It can be an intimidating exercise if you have multiple sources of income and/or if you are a first-time filer. There are hordes of issues that can crop up, but let’s make sure you don’t create an issue for yourself in the ITR filing process.
Here are six mistakes that are often made by taxpayers during ITR filing. Keep them in mind to avoid negative consequences:
Mistake 1: Filing ITR using the wrong form
You are required to identify which form would be applicable to you on the basis of your income quantum and income sources in the financial year. If you use the wrong form for filing Income tax returns, the return will be termed defective. This would mean double the effort on your part as you will then have to file a revised return using the correct form.
The e-filing website for income tax returns mentions the specifications as under:
For Individuals having Income from Salaries, one house property, other sources (Interest etc.) and having total income upto Rs.50 lakh
For Individuals and HUFs not carrying out business or profession under any proprietorship
For individuals and HUFs having income from a proprietary business or profession
For presumptive income from Business & Profession
For persons other than,- (i) individual, (ii) HUF, (iii) company and (iv) person filing Form ITR-7
For Companies other than companies claiming an exemption under section 11
For persons including companies required to furnish return under sections 139(4A) or 139(4B) or 139(4C) or 139(4D) or 139(4E) or 139(4F)
Let’s take an example following from above. ITR-1 is applicable for an individual who has earned income from salary/pension, has only one house property and interest income. But, if you have incurred any long-term capital gains (LTCG) by selling equity shares and equity mutual funds, then you have to file ITR-2.
Mistake 2: Not reporting income from investments
Another prevalent mistake made by many taxpayers is omitting the income earned from investments. You are required to report and account for all the income- this includes income from investments like interest income from fixed deposits, capital gains arising from the sale of mutual funds or any other asset. Apart from salaries, make sure you report these incomes under the Income from other sources head.
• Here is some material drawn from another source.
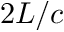<formula> <loc_0><loc_0><loc_500><loc_500>2 L / c</formula> 
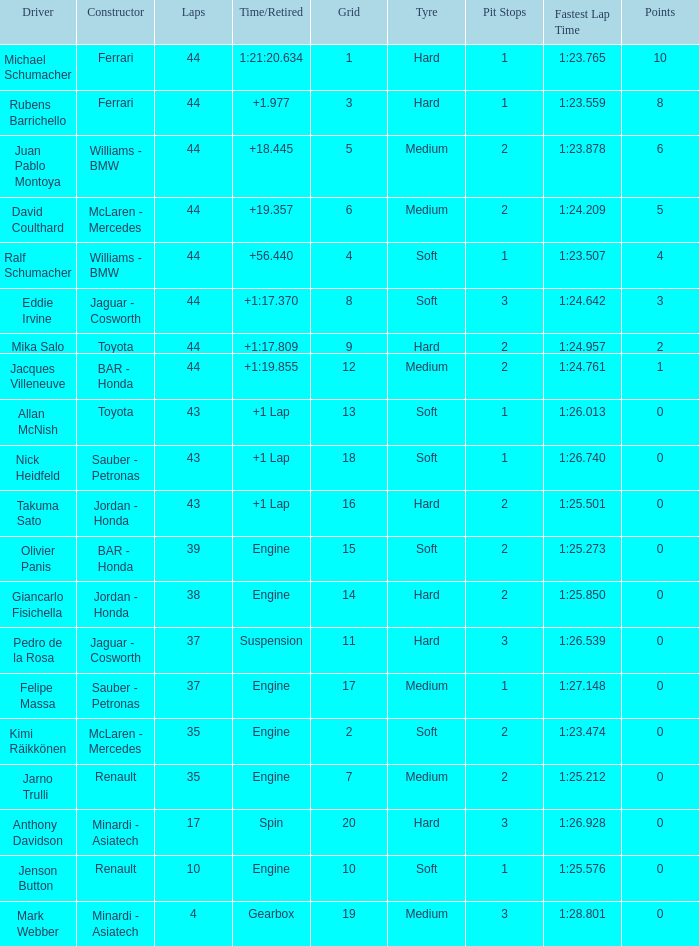What was the fewest laps for somone who finished +18.445? 44.0. Could you help me parse every detail presented in this table? {'header': ['Driver', 'Constructor', 'Laps', 'Time/Retired', 'Grid', 'Tyre', 'Pit Stops', 'Fastest Lap Time', 'Points'], 'rows': [['Michael Schumacher', 'Ferrari', '44', '1:21:20.634', '1', 'Hard', '1', '1:23.765', '10'], ['Rubens Barrichello', 'Ferrari', '44', '+1.977', '3', 'Hard', '1', '1:23.559', '8'], ['Juan Pablo Montoya', 'Williams - BMW', '44', '+18.445', '5', 'Medium', '2', '1:23.878', '6'], ['David Coulthard', 'McLaren - Mercedes', '44', '+19.357', '6', 'Medium', '2', '1:24.209', '5'], ['Ralf Schumacher', 'Williams - BMW', '44', '+56.440', '4', 'Soft', '1', '1:23.507', '4'], ['Eddie Irvine', 'Jaguar - Cosworth', '44', '+1:17.370', '8', 'Soft', '3', '1:24.642', '3'], ['Mika Salo', 'Toyota', '44', '+1:17.809', '9', 'Hard', '2', '1:24.957', '2'], ['Jacques Villeneuve', 'BAR - Honda', '44', '+1:19.855', '12', 'Medium', '2', '1:24.761', '1'], ['Allan McNish', 'Toyota', '43', '+1 Lap', '13', 'Soft', '1', '1:26.013', '0'], ['Nick Heidfeld', 'Sauber - Petronas', '43', '+1 Lap', '18', 'Soft', '1', '1:26.740', '0'], ['Takuma Sato', 'Jordan - Honda', '43', '+1 Lap', '16', 'Hard', '2', '1:25.501', '0'], ['Olivier Panis', 'BAR - Honda', '39', 'Engine', '15', 'Soft', '2', '1:25.273', '0'], ['Giancarlo Fisichella', 'Jordan - Honda', '38', 'Engine', '14', 'Hard', '2', '1:25.850', '0'], ['Pedro de la Rosa', 'Jaguar - Cosworth', '37', 'Suspension', '11', 'Hard', '3', '1:26.539', '0'], ['Felipe Massa', 'Sauber - Petronas', '37', 'Engine', '17', 'Medium', '1', '1:27.148', '0'], ['Kimi Räikkönen', 'McLaren - Mercedes', '35', 'Engine', '2', 'Soft', '2', '1:23.474', '0'], ['Jarno Trulli', 'Renault', '35', 'Engine', '7', 'Medium', '2', '1:25.212', '0'], ['Anthony Davidson', 'Minardi - Asiatech', '17', 'Spin', '20', 'Hard', '3', '1:26.928', '0'], ['Jenson Button', 'Renault', '10', 'Engine', '10', 'Soft', '1', '1:25.576', '0'], ['Mark Webber', 'Minardi - Asiatech', '4', 'Gearbox', '19', 'Medium', '3', '1:28.801', '0']]}

There are also certain deductions allowable. Section 80TTA of the Income Tax Act provides that interest up to Rs 10,000 can be deducted from the total interest earned in a year from bank and post office savings account for individuals below the age 60 years. For senior citizens, on the other hand, deduction of up to Rs 50,000 for the interest received or accrued can be claimed under section 80TTB.
Mistake 3: Not reporting income from the last job
Often it also happens that when you switch jobs during the financial year, you miss out on reporting the income from the previous job. If any income from the previous job or any other additional gig is not reported, then a discrepancy is bound to reflect in your TDS certificate (Form 16) and Form 26AS. The tax department can send you a tax demand notice asking you pay additional tax dues if any.
It is always a good practice to verify this beforehand by obtaining the Form 16/16A from your employer or client.
Mistake 4: Not reporting all bank accounts
While filing ITR for the financial year 2014-15 onwards, a taxpayer is required to report all the bank accounts held by him. Earlier, you were only required to mention a single bank account where you wanted to receive a credit of the income tax refund if any. However, now only dormant accounts are excluded from the requirement of reporting in the ITR.
Mistake 5: Failure to claim deductions not shown in Form 16
Sometimes an exemption may not reflect in Form 16 if the proof of investment is submitted later. You are still entitled to claim those exemptions while filing the return, provided you have the supporting documents.
Mistake 6: Failure to reconcile with Form 26AS before filing ITR
As mentioned before, Form 16 and Form 26AS should reconcile. Form 26AS reflects details of tax deducted (TDS) from your income and payment of advance-tax made or any refund received during the year. If you find any discrepancy in Form 26AS then you should notify the same to tax deductor to get it rectified. Do not go ahead in the ITR filing process unless this is verified.
If you are not taking the help or assistance of a tax expert or an accountant, make sure you don’t make any of the aforementioned mistakes during the process of filing income tax returns.